***** Data provided *****

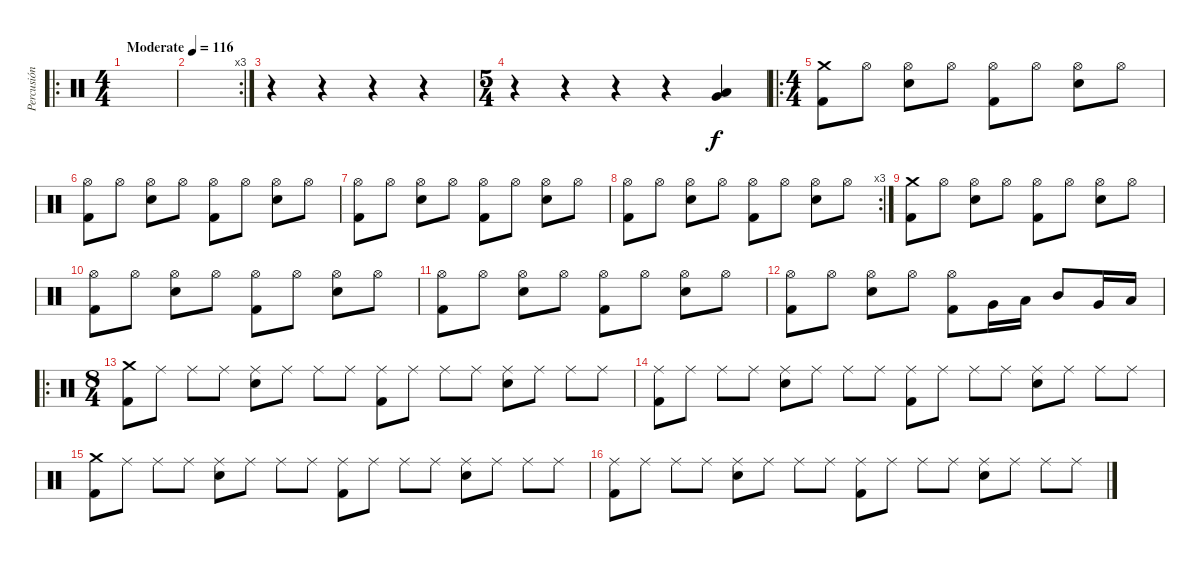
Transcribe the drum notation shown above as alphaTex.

\track ("Percusión" "Percusión") {instrument percussion}
\staff {score}
\articulation defaults
\ro
\ts (4 4)
\tempo (116 "Moderate")
\clef neutral
\ks c
|
\rc 3
|
r.4 r.4 r.4 r.4 |
\ts (5 4)
r.4 r.4 r.4 r.4 ("Very Low Tom (hit)" "Low Floor Tom (hit)").4 |
\ro
\ts (4 4)
("Crash medium (hit)" "Kick (hit) 2").8 "Hi-Hat (open)".8 ("Hi-Hat (open)" "Electric Snare (hit)").8 "Hi-Hat (open)".8 ("Hi-Hat (open)" "Kick (hit) 2").8 "Hi-Hat (open)".8 ("Hi-Hat (open)" "Electric Snare (hit)").8 "Hi-Hat (open)".8 |
("Hi-Hat (open)" "Kick (hit) 2").8 "Hi-Hat (open)".8 ("Hi-Hat (open)" "Electric Snare (hit)").8 "Hi-Hat (open)".8 ("Hi-Hat (open)" "Kick (hit) 2").8 "Hi-Hat (open)".8 ("Hi-Hat (open)" "Electric Snare (hit)").8 "Hi-Hat (open)".8 |
("Hi-Hat (open)" "Kick (hit) 2").8 "Hi-Hat (open)".8 ("Hi-Hat (open)" "Electric Snare (hit)").8 "Hi-Hat (open)".8 ("Hi-Hat (open)" "Kick (hit) 2").8 "Hi-Hat (open)".8 ("Hi-Hat (open)" "Electric Snare (hit)").8 "Hi-Hat (open)".8 |
\rc 3
("Hi-Hat (open)" "Kick (hit) 2").8 "Hi-Hat (open)".8 ("Hi-Hat (open)" "Electric Snare (hit)").8 "Hi-Hat (open)".8 ("Hi-Hat (open)" "Kick (hit) 2").8 "Hi-Hat (open)".8 ("Hi-Hat (open)" "Electric Snare (hit)").8 "Hi-Hat (open)".8 |
("Crash medium (hit)" "Kick (hit) 2").8 "Hi-Hat (open)".8 ("Hi-Hat (open)" "Electric Snare (hit)").8 "Hi-Hat (open)".8 ("Hi-Hat (open)" "Kick (hit) 2").8 "Hi-Hat (open)".8 ("Hi-Hat (open)" "Electric Snare (hit)").8 "Hi-Hat (open)".8 |
("Hi-Hat (open)" "Kick (hit) 2").8 "Hi-Hat (open)".8 ("Hi-Hat (open)" "Electric Snare (hit)").8 "Hi-Hat (open)".8 ("Hi-Hat (open)" "Kick (hit) 2").8 "Hi-Hat (open)".8 ("Hi-Hat (open)" "Electric Snare (hit)").8 "Hi-Hat (open)".8 |
("Hi-Hat (open)" "Kick (hit) 2").8 "Hi-Hat (open)".8 ("Hi-Hat (open)" "Electric Snare (hit)").8 "Hi-Hat (open)".8 ("Hi-Hat (open)" "Kick (hit) 2").8 "Hi-Hat (open)".8 ("Hi-Hat (open)" "Electric Snare (hit)").8 "Hi-Hat (open)".8 |
("Hi-Hat (open)" "Kick (hit) 2").8 "Hi-Hat (open)".8 ("Hi-Hat (open)" "Electric Snare (hit)").8 "Hi-Hat (open)".8 ("Hi-Hat (open)" "Kick (hit) 2").8 "Very Low Tom (hit)".16 "Low Tom (hit)".16 "Mid Tom (hit)".8 "Very Low Tom (hit)".16 "Low Tom (hit)".16 |
\ro
\ts (8 4)
("Crash medium (hit)" "Kick (hit) 2").8 "Ride (middle)".8 "Ride (middle)".8 "Ride (middle)".8 ("Ride (middle)" "Electric Snare (hit)").8 "Ride (middle)".8 "Ride (middle)".8 "Ride (middle)".8 ("Ride (middle)" "Kick (hit) 2").8 "Ride (middle)".8 "Ride (middle)".8 "Ride (middle)".8 ("Ride (middle)" "Electric Snare (hit)").8 "Ride (middle)".8 "Ride (middle)".8 "Ride (middle)".8 |
("Ride (middle)" "Kick (hit) 2").8 "Ride (middle)".8 "Ride (middle)".8 "Ride (middle)".8 ("Ride (middle)" "Electric Snare (hit)").8 "Ride (middle)".8 "Ride (middle)".8 "Ride (middle)".8 ("Ride (middle)" "Kick (hit) 2").8 "Ride (middle)".8 "Ride (middle)".8 "Ride (middle)".8 ("Ride (middle)" "Electric Snare (hit)").8 "Ride (middle)".8 "Ride (middle)".8 "Ride (middle)".8 |
("Crash medium (hit)" "Kick (hit) 2").8 "Ride (middle)".8 "Ride (middle)".8 "Ride (middle)".8 ("Ride (middle)" "Electric Snare (hit)").8 "Ride (middle)".8 "Ride (middle)".8 "Ride (middle)".8 ("Ride (middle)" "Kick (hit) 2").8 "Ride (middle)".8 "Ride (middle)".8 "Ride (middle)".8 ("Ride (middle)" "Electric Snare (hit)").8 "Ride (middle)".8 "Ride (middle)".8 "Ride (middle)".8 |
("Ride (middle)" "Kick (hit) 2").8 "Ride (middle)".8 "Ride (middle)".8 "Ride (middle)".8 ("Ride (middle)" "Electric Snare (hit)").8 "Ride (middle)".8 "Ride (middle)".8 "Ride (middle)".8 ("Ride (middle)" "Kick (hit) 2").8 "Ride (middle)".8 "Ride (middle)".8 "Ride (middle)".8 ("Ride (middle)" "Electric Snare (hit)").8 "Ride (middle)".8 "Ride (middle)".8 "Ride (middle)".8

*****

● What you have to do: Although the entries contain pictures, reproduce only the rest, exactly as written.

● Response:
Transcribe the drum notation shown above as alphaTex.

\track ("Percusión" "Percusión") {instrument percussion}
\staff {score}
\articulation defaults
\ro
\ts (4 4)
\tempo (116 "Moderate")
\clef neutral
\ks c
|
\rc 3
|
r.4 r.4 r.4 r.4 |
\ts (5 4)
r.4 r.4 r.4 r.4 ("Very Low Tom (hit)" "Low Floor Tom (hit)").4 |
\ro
\ts (4 4)
("Crash medium (hit)" "Kick (hit) 2").8 "Hi-Hat (open)".8 ("Hi-Hat (open)" "Electric Snare (hit)").8 "Hi-Hat (open)".8 ("Hi-Hat (open)" "Kick (hit) 2").8 "Hi-Hat (open)".8 ("Hi-Hat (open)" "Electric Snare (hit)").8 "Hi-Hat (open)".8 |
("Hi-Hat (open)" "Kick (hit) 2").8 "Hi-Hat (open)".8 ("Hi-Hat (open)" "Electric Snare (hit)").8 "Hi-Hat (open)".8 ("Hi-Hat (open)" "Kick (hit) 2").8 "Hi-Hat (open)".8 ("Hi-Hat (open)" "Electric Snare (hit)").8 "Hi-Hat (open)".8 |
("Hi-Hat (open)" "Kick (hit) 2").8 "Hi-Hat (open)".8 ("Hi-Hat (open)" "Electric Snare (hit)").8 "Hi-Hat (open)".8 ("Hi-Hat (open)" "Kick (hit) 2").8 "Hi-Hat (open)".8 ("Hi-Hat (open)" "Electric Snare (hit)").8 "Hi-Hat (open)".8 |
\rc 3
("Hi-Hat (open)" "Kick (hit) 2").8 "Hi-Hat (open)".8 ("Hi-Hat (open)" "Electric Snare (hit)").8 "Hi-Hat (open)".8 ("Hi-Hat (open)" "Kick (hit) 2").8 "Hi-Hat (open)".8 ("Hi-Hat (open)" "Electric Snare (hit)").8 "Hi-Hat (open)".8 |
("Crash medium (hit)" "Kick (hit) 2").8 "Hi-Hat (open)".8 ("Hi-Hat (open)" "Electric Snare (hit)").8 "Hi-Hat (open)".8 ("Hi-Hat (open)" "Kick (hit) 2").8 "Hi-Hat (open)".8 ("Hi-Hat (open)" "Electric Snare (hit)").8 "Hi-Hat (open)".8 |
("Hi-Hat (open)" "Kick (hit) 2").8 "Hi-Hat (open)".8 ("Hi-Hat (open)" "Electric Snare (hit)").8 "Hi-Hat (open)".8 ("Hi-Hat (open)" "Kick (hit) 2").8 "Hi-Hat (open)".8 ("Hi-Hat (open)" "Electric Snare (hit)").8 "Hi-Hat (open)".8 |
("Hi-Hat (open)" "Kick (hit) 2").8 "Hi-Hat (open)".8 ("Hi-Hat (open)" "Electric Snare (hit)").8 "Hi-Hat (open)".8 ("Hi-Hat (open)" "Kick (hit) 2").8 "Hi-Hat (open)".8 ("Hi-Hat (open)" "Electric Snare (hit)").8 "Hi-Hat (open)".8 |
("Hi-Hat (open)" "Kick (hit) 2").8 "Hi-Hat (open)".8 ("Hi-Hat (open)" "Electric Snare (hit)").8 "Hi-Hat (open)".8 ("Hi-Hat (open)" "Kick (hit) 2").8 "Very Low Tom (hit)".16 "Low Tom (hit)".16 "Mid Tom (hit)".8 "Very Low Tom (hit)".16 "Low Tom (hit)".16 |
\ro
\ts (8 4)
("Crash medium (hit)" "Kick (hit) 2").8 "Ride (middle)".8 "Ride (middle)".8 "Ride (middle)".8 ("Ride (middle)" "Electric Snare (hit)").8 "Ride (middle)".8 "Ride (middle)".8 "Ride (middle)".8 ("Ride (middle)" "Kick (hit) 2").8 "Ride (middle)".8 "Ride (middle)".8 "Ride (middle)".8 ("Ride (middle)" "Electric Snare (hit)").8 "Ride (middle)".8 "Ride (middle)".8 "Ride (middle)".8 |
("Ride (middle)" "Kick (hit) 2").8 "Ride (middle)".8 "Ride (middle)".8 "Ride (middle)".8 ("Ride (middle)" "Electric Snare (hit)").8 "Ride (middle)".8 "Ride (middle)".8 "Ride (middle)".8 ("Ride (middle)" "Kick (hit) 2").8 "Ride (middle)".8 "Ride (middle)".8 "Ride (middle)".8 ("Ride (middle)" "Electric Snare (hit)").8 "Ride (middle)".8 "Ride (middle)".8 "Ride (middle)".8 |
("Crash medium (hit)" "Kick (hit) 2").8 "Ride (middle)".8 "Ride (middle)".8 "Ride (middle)".8 ("Ride (middle)" "Electric Snare (hit)").8 "Ride (middle)".8 "Ride (middle)".8 "Ride (middle)".8 ("Ride (middle)" "Kick (hit) 2").8 "Ride (middle)".8 "Ride (middle)".8 "Ride (middle)".8 ("Ride (middle)" "Electric Snare (hit)").8 "Ride (middle)".8 "Ride (middle)".8 "Ride (middle)".8 |
("Ride (middle)" "Kick (hit) 2").8 "Ride (middle)".8 "Ride (middle)".8 "Ride (middle)".8 ("Ride (middle)" "Electric Snare (hit)").8 "Ride (middle)".8 "Ride (middle)".8 "Ride (middle)".8 ("Ride (middle)" "Kick (hit) 2").8 "Ride (middle)".8 "Ride (middle)".8 "Ride (middle)".8 ("Ride (middle)" "Electric Snare (hit)").8 "Ride (middle)".8 "Ride (middle)".8 "Ride (middle)".8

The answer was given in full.